One morning Peggy brought in the letters, and Jane saw one in Alfred's handwriting. She snatched it up, and cried “Papa, from Alfred!” And she left off making the tea, while her father opened it with comparative composure.

This coolness, however, did not outlast the perusal: “The young ruffian!” said he; “would you believe it Jenny, he accuses me of being the cause of his last business.”

“Let me see, papa.”

He held her out the letter; but hesitated and drew it back. “My dear, it would give you pain to see your poor father treated so. Here's a specimen: 'What could they expect but that the son of a sharper would prove a traitor? You stole her money; I her affections, of which I am unworthy.' Now what do you think of that?”

“Unhappy Alfred!” said Jane. “No, papa, I would not read it, if you are insulted in it. But where is he?”

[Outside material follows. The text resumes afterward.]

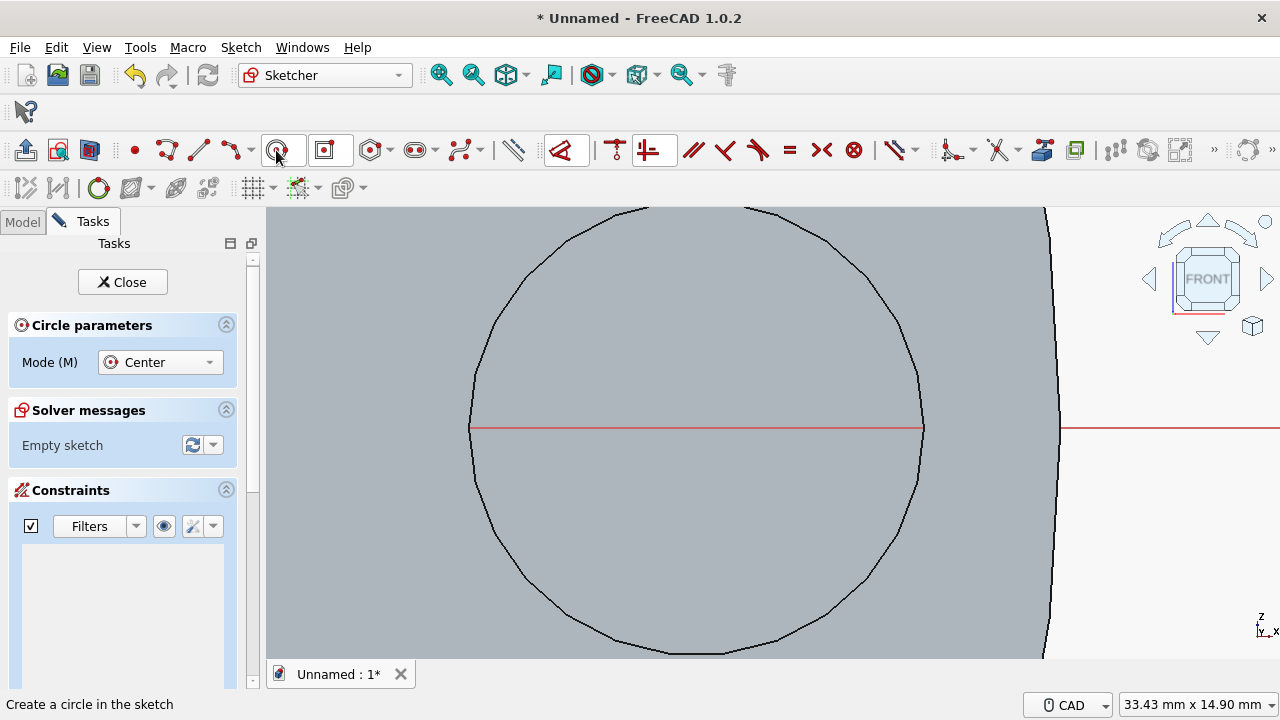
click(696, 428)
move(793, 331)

“The letter is dated Paris. See!” And he showed her the date. “But he says here he is coming back to London directly; and he orders me in the most peremptory way to be ready with my accounts, and pay him over his fortune. Well, he is alive, at all events: really my good, kind, interfering, pragmatical friend Sampson, with his placards, made me feel uneasy, more uneasy than I would own to you, Jenny.”

“Unhappy Alfred!” cried Jane, with the tears in her eyes; “and poor papa!”

“Oh, never mind me,” said Mr. Hardie; “now that I know no harm has come to him, I really don't care a straw: I have got one child that loves me, and that I love.”

“Ah yes, dear, dear papa, and that will always love you, and never, never disobey you in small things or great.” She rose from the table and sealed this with a pious kiss; and, when she sat down with a pink flush on her delicate cheek, his hard eye melted and dwelt on her with beaming tenderness. His heart yearned over her, and a pang went through it: to think that he must deceive even her, the one sweet soul that loved him!

It was a passing remorse: the successful plotter soon predominated, and it was with unmixed satisfaction he saw her put on her bonnet directly after breakfast and hurry off to Albion Villa to play the part of his unconscious sieve.

He himself strolled in the opposite direction, not to seem to be watching her.

He was in good spirits: felt like a general, who, after repulsing many desperate attacks successfully, orders an advance, and sees the tide of battle roll away from his bayonets. His very body seemed elastic, indomitable; he walked lustily out into the country, sniffed the perfumed hedges, and relished life. To be sure he could not walk away from all traces of his misdeeds; he fell in with objects that to an ordinary sinner might have spoiled the walk, and even marred the spring-time. He found his creditor Maxley with grizzly beard and bloodshot eyes, belabouring a milestone; and two small boys quizzing him, and pelting him with mud: and soon after he met his creditor, old Dr. Phillips, in a cart, coming back to Barkington to end his days there, at the almshouse. But to our triumphant Bankrupt and Machiavel these things were literally nothing: he paced complacently on, and cared no more for either of those his wrecks than the smiling sea itself seems to care for the dead ships and men it washed ashore a week ago.

He came home before luncheon for his gossip with Jane; but she had not returned. All the better; her budget would be the larger.

To while the time he got his file of the Times, and amused himself noting down the fluctuations in Peruvian bonds.

While thus employed he heard a loud knock at his door, and soon after Peggy's voice and a man's in swift collision. Hasty feet came along the passage, the parlour door opened, and a young man rushed in pale as ashes, and stared at him; he was breathless, and his lips moved, but no sound came.

It was Edward Dodd.

Mr. Hardie rose like a tower and manned himself to repulse this fresh assault.

The strange visitor gasped out, “You are wanted at our house.”